## WHAT YOU WILL DO
For the material that follows, state how many lines contain the word "degrees", and add nothing.

## THE RECORDS
___

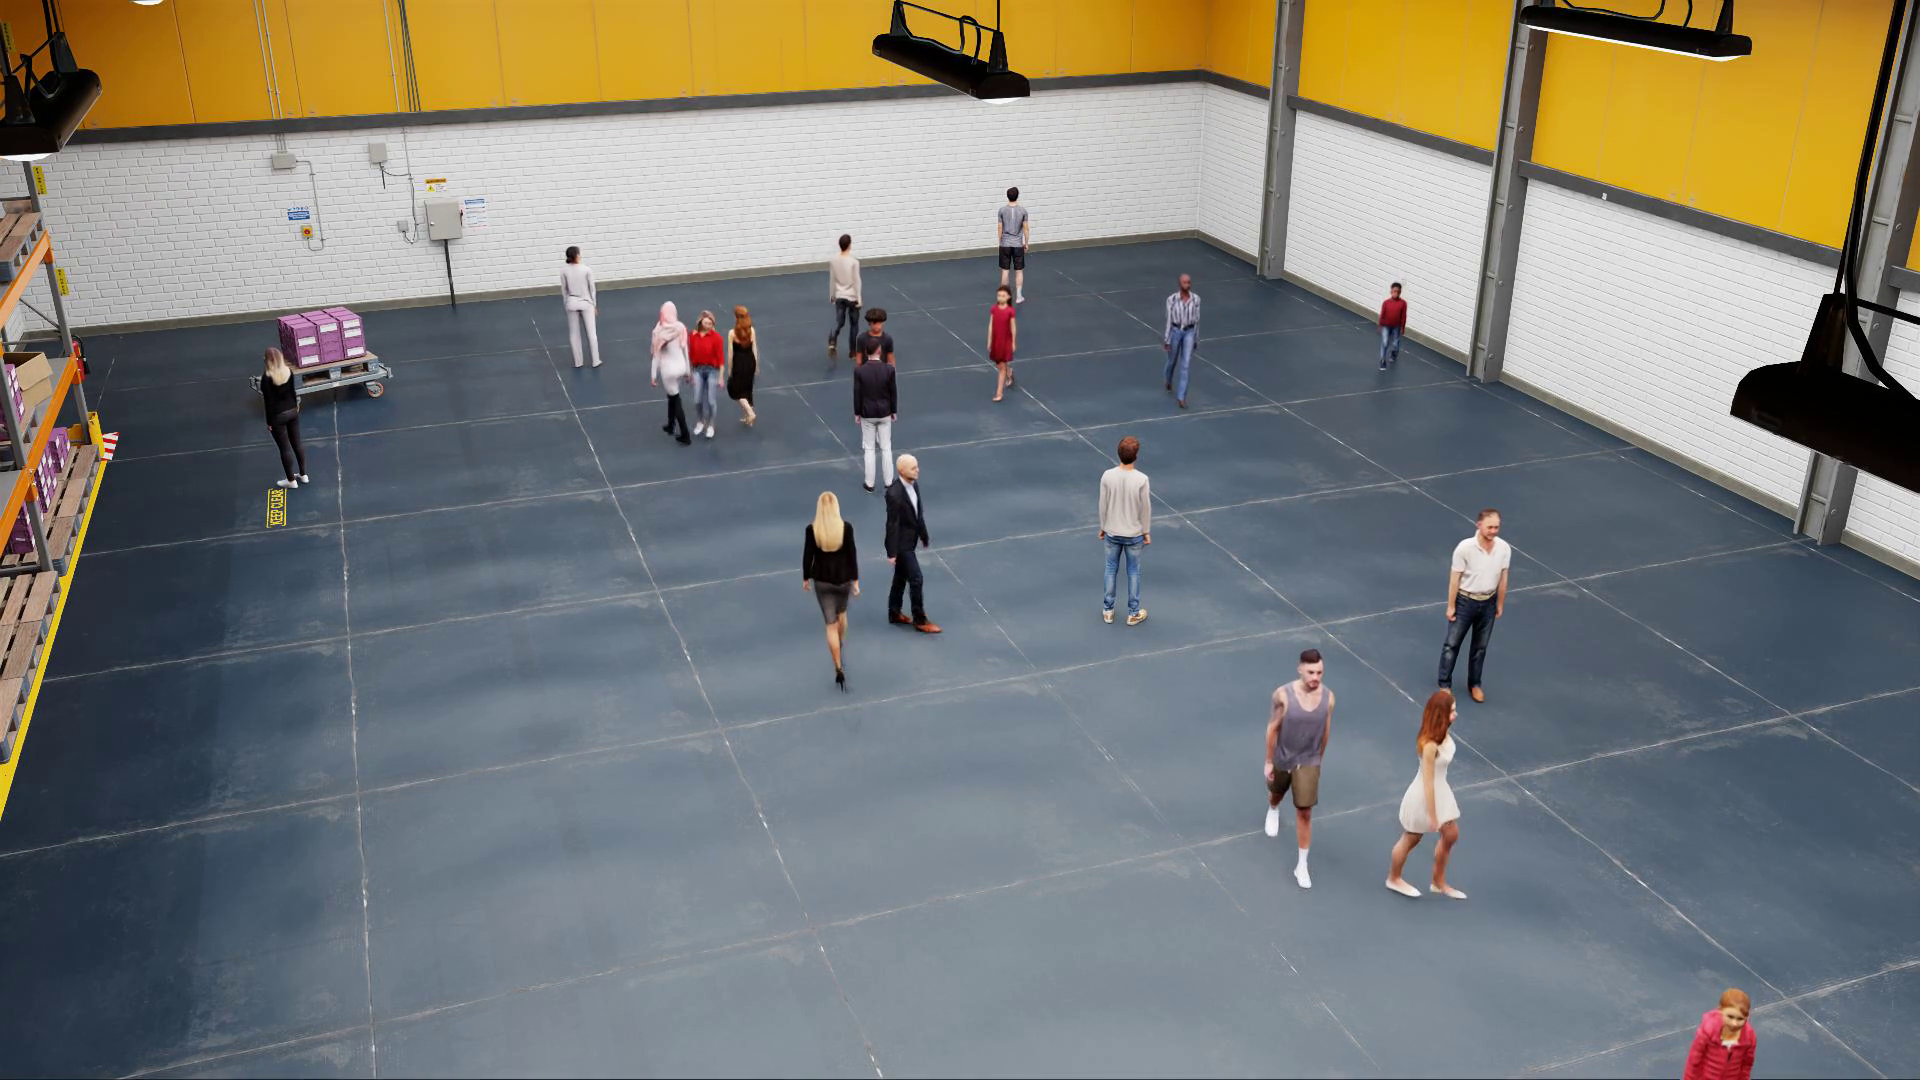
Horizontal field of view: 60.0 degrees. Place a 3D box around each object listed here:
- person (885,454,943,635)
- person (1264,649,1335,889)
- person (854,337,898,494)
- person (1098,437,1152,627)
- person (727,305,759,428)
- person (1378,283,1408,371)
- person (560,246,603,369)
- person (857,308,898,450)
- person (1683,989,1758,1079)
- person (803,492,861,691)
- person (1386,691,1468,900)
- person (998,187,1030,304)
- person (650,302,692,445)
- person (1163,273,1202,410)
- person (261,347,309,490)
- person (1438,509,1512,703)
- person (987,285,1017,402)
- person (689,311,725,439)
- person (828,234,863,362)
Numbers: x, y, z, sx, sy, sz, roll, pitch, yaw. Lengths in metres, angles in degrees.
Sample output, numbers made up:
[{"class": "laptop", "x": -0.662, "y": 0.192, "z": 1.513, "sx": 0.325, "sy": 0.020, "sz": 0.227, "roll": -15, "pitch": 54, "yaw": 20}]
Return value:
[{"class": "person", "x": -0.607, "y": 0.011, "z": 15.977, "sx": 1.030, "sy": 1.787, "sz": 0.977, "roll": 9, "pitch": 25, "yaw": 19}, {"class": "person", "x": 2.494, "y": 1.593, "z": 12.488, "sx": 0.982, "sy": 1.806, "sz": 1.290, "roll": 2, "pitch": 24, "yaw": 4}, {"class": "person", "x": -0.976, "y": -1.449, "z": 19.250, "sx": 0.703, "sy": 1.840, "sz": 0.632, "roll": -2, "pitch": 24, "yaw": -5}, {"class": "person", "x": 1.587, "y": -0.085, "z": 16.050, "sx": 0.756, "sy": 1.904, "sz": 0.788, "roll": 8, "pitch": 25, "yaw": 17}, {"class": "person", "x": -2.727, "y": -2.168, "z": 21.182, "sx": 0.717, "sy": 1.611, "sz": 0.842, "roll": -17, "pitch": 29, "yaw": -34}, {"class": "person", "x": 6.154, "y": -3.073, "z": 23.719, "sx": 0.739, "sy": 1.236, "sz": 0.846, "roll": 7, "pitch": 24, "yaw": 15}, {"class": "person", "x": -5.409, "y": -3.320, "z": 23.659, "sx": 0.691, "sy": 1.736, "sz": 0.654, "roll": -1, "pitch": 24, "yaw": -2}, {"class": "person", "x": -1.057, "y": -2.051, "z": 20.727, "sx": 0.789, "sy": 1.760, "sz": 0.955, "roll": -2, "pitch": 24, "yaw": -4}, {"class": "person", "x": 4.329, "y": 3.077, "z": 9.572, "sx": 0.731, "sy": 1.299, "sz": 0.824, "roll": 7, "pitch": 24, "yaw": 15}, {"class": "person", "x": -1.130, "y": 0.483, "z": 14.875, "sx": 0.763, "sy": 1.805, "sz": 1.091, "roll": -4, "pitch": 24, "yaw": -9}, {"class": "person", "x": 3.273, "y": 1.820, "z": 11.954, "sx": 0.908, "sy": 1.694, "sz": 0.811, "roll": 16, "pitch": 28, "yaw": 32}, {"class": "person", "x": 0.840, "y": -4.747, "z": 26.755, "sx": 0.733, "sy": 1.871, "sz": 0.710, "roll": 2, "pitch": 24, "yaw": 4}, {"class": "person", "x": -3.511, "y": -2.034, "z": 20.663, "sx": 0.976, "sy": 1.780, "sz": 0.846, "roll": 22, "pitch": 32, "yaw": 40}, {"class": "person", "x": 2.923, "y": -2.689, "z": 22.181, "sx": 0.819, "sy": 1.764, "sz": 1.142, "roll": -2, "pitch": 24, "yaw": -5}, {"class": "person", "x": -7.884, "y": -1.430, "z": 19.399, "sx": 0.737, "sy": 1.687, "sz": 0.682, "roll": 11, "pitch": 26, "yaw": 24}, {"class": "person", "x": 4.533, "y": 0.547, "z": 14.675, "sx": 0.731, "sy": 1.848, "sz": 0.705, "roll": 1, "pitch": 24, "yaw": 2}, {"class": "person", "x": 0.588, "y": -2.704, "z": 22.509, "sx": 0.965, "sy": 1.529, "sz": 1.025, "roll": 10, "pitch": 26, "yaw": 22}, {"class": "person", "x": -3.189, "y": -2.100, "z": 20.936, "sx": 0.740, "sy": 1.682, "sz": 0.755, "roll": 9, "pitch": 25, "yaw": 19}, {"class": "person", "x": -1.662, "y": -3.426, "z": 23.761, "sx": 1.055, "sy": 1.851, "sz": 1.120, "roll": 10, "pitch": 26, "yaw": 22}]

___

## EXERCISE RESULT
2